● Listed entries
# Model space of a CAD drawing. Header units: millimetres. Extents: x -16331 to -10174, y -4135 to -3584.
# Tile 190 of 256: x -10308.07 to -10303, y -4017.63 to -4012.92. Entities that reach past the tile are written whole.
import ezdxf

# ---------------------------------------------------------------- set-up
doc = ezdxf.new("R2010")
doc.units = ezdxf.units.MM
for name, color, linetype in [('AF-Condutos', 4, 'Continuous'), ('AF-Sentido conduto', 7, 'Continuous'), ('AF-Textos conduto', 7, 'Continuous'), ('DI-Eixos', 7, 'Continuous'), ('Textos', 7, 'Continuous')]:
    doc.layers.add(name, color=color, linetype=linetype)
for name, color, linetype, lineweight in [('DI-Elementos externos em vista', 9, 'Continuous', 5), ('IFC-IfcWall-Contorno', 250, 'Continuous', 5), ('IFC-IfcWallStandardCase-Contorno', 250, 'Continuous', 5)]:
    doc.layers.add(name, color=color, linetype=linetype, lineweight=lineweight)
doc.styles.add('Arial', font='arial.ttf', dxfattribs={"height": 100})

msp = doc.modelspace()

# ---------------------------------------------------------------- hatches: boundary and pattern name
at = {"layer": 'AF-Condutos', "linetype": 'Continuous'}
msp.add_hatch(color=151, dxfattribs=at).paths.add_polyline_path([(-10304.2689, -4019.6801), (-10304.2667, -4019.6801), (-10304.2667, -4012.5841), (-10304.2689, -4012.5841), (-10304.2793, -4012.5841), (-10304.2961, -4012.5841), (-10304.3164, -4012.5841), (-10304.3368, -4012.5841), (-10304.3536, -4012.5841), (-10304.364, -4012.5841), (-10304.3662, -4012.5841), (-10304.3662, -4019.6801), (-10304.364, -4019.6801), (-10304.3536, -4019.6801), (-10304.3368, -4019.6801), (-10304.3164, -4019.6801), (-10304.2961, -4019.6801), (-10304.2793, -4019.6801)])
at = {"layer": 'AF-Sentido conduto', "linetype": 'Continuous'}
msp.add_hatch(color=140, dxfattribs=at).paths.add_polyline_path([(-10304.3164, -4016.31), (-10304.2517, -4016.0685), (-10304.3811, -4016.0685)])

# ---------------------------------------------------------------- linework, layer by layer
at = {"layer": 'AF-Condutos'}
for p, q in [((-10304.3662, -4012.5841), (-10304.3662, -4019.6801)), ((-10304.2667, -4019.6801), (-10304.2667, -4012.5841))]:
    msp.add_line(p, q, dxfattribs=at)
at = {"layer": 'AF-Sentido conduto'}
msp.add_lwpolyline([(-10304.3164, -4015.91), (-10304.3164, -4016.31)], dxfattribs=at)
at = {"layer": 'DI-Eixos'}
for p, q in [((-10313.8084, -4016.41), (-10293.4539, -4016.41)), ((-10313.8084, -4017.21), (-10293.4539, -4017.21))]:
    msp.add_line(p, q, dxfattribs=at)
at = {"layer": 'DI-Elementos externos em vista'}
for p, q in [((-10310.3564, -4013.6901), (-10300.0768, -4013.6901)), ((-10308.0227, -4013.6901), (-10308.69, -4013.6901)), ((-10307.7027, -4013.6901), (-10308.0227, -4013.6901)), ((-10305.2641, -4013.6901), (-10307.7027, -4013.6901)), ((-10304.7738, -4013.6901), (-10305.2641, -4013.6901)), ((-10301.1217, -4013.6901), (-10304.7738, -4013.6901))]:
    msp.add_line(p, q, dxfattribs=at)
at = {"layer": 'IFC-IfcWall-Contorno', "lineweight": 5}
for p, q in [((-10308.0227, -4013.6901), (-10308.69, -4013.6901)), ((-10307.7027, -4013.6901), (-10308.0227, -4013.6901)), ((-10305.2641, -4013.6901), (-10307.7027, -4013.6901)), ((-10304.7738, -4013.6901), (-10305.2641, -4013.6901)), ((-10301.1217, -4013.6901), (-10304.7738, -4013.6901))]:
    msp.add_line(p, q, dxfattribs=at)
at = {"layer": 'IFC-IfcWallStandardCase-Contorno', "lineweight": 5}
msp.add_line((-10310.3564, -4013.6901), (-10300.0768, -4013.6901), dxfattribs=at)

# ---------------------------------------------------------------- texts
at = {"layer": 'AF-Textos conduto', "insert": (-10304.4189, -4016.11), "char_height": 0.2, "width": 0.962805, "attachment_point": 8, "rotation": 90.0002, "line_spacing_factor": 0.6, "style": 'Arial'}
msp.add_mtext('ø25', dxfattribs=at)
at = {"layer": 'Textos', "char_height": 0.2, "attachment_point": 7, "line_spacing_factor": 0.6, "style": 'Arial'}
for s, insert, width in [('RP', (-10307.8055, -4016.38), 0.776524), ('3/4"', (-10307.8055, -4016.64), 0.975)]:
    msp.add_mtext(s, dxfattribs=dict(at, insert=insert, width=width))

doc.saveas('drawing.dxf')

● Exercise
Every entry needs to be copied again, word for word.

● Task output
# Model space of a CAD drawing. Header units: millimetres. Extents: x -16331 to -10174, y -4135 to -3584.
# Tile 190 of 256: x -10308.07 to -10303, y -4017.63 to -4012.92. Entities that reach past the tile are written whole.
import ezdxf

# ---------------------------------------------------------------- set-up
doc = ezdxf.new("R2010")
doc.units = ezdxf.units.MM
for name, color, linetype in [('AF-Condutos', 4, 'Continuous'), ('AF-Sentido conduto', 7, 'Continuous'), ('AF-Textos conduto', 7, 'Continuous'), ('DI-Eixos', 7, 'Continuous'), ('Textos', 7, 'Continuous')]:
    doc.layers.add(name, color=color, linetype=linetype)
for name, color, linetype, lineweight in [('DI-Elementos externos em vista', 9, 'Continuous', 5), ('IFC-IfcWall-Contorno', 250, 'Continuous', 5), ('IFC-IfcWallStandardCase-Contorno', 250, 'Continuous', 5)]:
    doc.layers.add(name, color=color, linetype=linetype, lineweight=lineweight)
doc.styles.add('Arial', font='arial.ttf', dxfattribs={"height": 100})

msp = doc.modelspace()

# ---------------------------------------------------------------- hatches: boundary and pattern name
at = {"layer": 'AF-Condutos', "linetype": 'Continuous'}
msp.add_hatch(color=151, dxfattribs=at).paths.add_polyline_path([(-10304.2689, -4019.6801), (-10304.2667, -4019.6801), (-10304.2667, -4012.5841), (-10304.2689, -4012.5841), (-10304.2793, -4012.5841), (-10304.2961, -4012.5841), (-10304.3164, -4012.5841), (-10304.3368, -4012.5841), (-10304.3536, -4012.5841), (-10304.364, -4012.5841), (-10304.3662, -4012.5841), (-10304.3662, -4019.6801), (-10304.364, -4019.6801), (-10304.3536, -4019.6801), (-10304.3368, -4019.6801), (-10304.3164, -4019.6801), (-10304.2961, -4019.6801), (-10304.2793, -4019.6801)])
at = {"layer": 'AF-Sentido conduto', "linetype": 'Continuous'}
msp.add_hatch(color=140, dxfattribs=at).paths.add_polyline_path([(-10304.3164, -4016.31), (-10304.2517, -4016.0685), (-10304.3811, -4016.0685)])

# ---------------------------------------------------------------- linework, layer by layer
at = {"layer": 'AF-Condutos'}
for p, q in [((-10304.3662, -4012.5841), (-10304.3662, -4019.6801)), ((-10304.2667, -4019.6801), (-10304.2667, -4012.5841))]:
    msp.add_line(p, q, dxfattribs=at)
at = {"layer": 'AF-Sentido conduto'}
msp.add_lwpolyline([(-10304.3164, -4015.91), (-10304.3164, -4016.31)], dxfattribs=at)
at = {"layer": 'DI-Eixos'}
for p, q in [((-10313.8084, -4016.41), (-10293.4539, -4016.41)), ((-10313.8084, -4017.21), (-10293.4539, -4017.21))]:
    msp.add_line(p, q, dxfattribs=at)
at = {"layer": 'DI-Elementos externos em vista'}
for p, q in [((-10310.3564, -4013.6901), (-10300.0768, -4013.6901)), ((-10308.0227, -4013.6901), (-10308.69, -4013.6901)), ((-10307.7027, -4013.6901), (-10308.0227, -4013.6901)), ((-10305.2641, -4013.6901), (-10307.7027, -4013.6901)), ((-10304.7738, -4013.6901), (-10305.2641, -4013.6901)), ((-10301.1217, -4013.6901), (-10304.7738, -4013.6901))]:
    msp.add_line(p, q, dxfattribs=at)
at = {"layer": 'IFC-IfcWall-Contorno', "lineweight": 5}
for p, q in [((-10308.0227, -4013.6901), (-10308.69, -4013.6901)), ((-10307.7027, -4013.6901), (-10308.0227, -4013.6901)), ((-10305.2641, -4013.6901), (-10307.7027, -4013.6901)), ((-10304.7738, -4013.6901), (-10305.2641, -4013.6901)), ((-10301.1217, -4013.6901), (-10304.7738, -4013.6901))]:
    msp.add_line(p, q, dxfattribs=at)
at = {"layer": 'IFC-IfcWallStandardCase-Contorno', "lineweight": 5}
msp.add_line((-10310.3564, -4013.6901), (-10300.0768, -4013.6901), dxfattribs=at)

# ---------------------------------------------------------------- texts
at = {"layer": 'AF-Textos conduto', "insert": (-10304.4189, -4016.11), "char_height": 0.2, "width": 0.962805, "attachment_point": 8, "rotation": 90.0002, "line_spacing_factor": 0.6, "style": 'Arial'}
msp.add_mtext('ø25', dxfattribs=at)
at = {"layer": 'Textos', "char_height": 0.2, "attachment_point": 7, "line_spacing_factor": 0.6, "style": 'Arial'}
for s, insert, width in [('RP', (-10307.8055, -4016.38), 0.776524), ('3/4"', (-10307.8055, -4016.64), 0.975)]:
    msp.add_mtext(s, dxfattribs=dict(at, insert=insert, width=width))

doc.saveas('drawing.dxf')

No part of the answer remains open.